Steve Westbrook

Personal information
- Date of birth: December 12, 1958 (age 67)
- Place of birth: St. Louis, Missouri, United States
- Positions: Forward; defender;

Youth career
- 1977–1980: Indiana Hoosiers

Senior career*
- Years: Team / Apps / (Gls)
- 1981–1983: Detroit Express
- 1981–1983: Wichita Wings (indoor) / 44 / (1)
- 1984–1985: Dallas Americans

Managerial career
- 2009–2010: Cal Lutheran University (assistant)

= Steve Westbrook =

American soccer player and coach

Steve Westrook is a retired American soccer defender who played professionally in the American Soccer League, United Soccer League and Major Indoor Soccer League.

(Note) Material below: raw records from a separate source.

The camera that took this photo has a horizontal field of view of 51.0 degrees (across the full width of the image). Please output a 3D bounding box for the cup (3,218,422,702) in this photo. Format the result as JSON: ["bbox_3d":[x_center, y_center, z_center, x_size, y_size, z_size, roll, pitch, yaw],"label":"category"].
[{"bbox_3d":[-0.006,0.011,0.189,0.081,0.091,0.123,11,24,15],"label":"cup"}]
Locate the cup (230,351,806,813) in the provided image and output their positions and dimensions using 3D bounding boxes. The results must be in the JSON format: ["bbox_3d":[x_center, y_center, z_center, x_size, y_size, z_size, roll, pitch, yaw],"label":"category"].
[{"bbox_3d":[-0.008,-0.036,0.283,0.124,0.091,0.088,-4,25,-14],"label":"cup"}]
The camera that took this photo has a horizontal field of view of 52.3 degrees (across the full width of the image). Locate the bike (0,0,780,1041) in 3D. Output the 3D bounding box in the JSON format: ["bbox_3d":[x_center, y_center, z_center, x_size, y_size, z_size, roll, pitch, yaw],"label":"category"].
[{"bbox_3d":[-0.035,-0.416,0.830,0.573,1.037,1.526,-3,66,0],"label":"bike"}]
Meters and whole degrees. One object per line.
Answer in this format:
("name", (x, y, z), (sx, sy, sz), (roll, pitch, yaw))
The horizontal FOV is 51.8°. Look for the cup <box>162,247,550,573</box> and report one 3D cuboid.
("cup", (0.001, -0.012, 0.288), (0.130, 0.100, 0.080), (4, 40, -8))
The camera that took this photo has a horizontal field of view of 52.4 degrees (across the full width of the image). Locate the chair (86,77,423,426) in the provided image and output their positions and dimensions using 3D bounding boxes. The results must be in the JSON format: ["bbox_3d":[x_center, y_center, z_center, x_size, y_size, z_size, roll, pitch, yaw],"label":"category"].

In 1977, Westbrook graduated from Christian Brothers College High School. He attended Indiana University, playing as a forward on the men's soccer team from 1977 to 1980. The Hoosiers finished runner-up in the 1978 and 1980 NCAA Division I Men's Soccer Championship.

In 1981, Westbrook signed with the Detroit Express of the American Soccer League and was moved to defensive midfielder. He was a 1981 First Team All Star. Westbrook spent three seasons with the Express which folded following the 1983 season. In the fall of 1981, Westbrook joined the Wichita Wings of the Major Indoor Soccer League. He spent two years with the Wings playing the winter indoor seasons. In 1984, he moved to the Dallas Americans of the United Soccer League for the two seasons of the league's existence.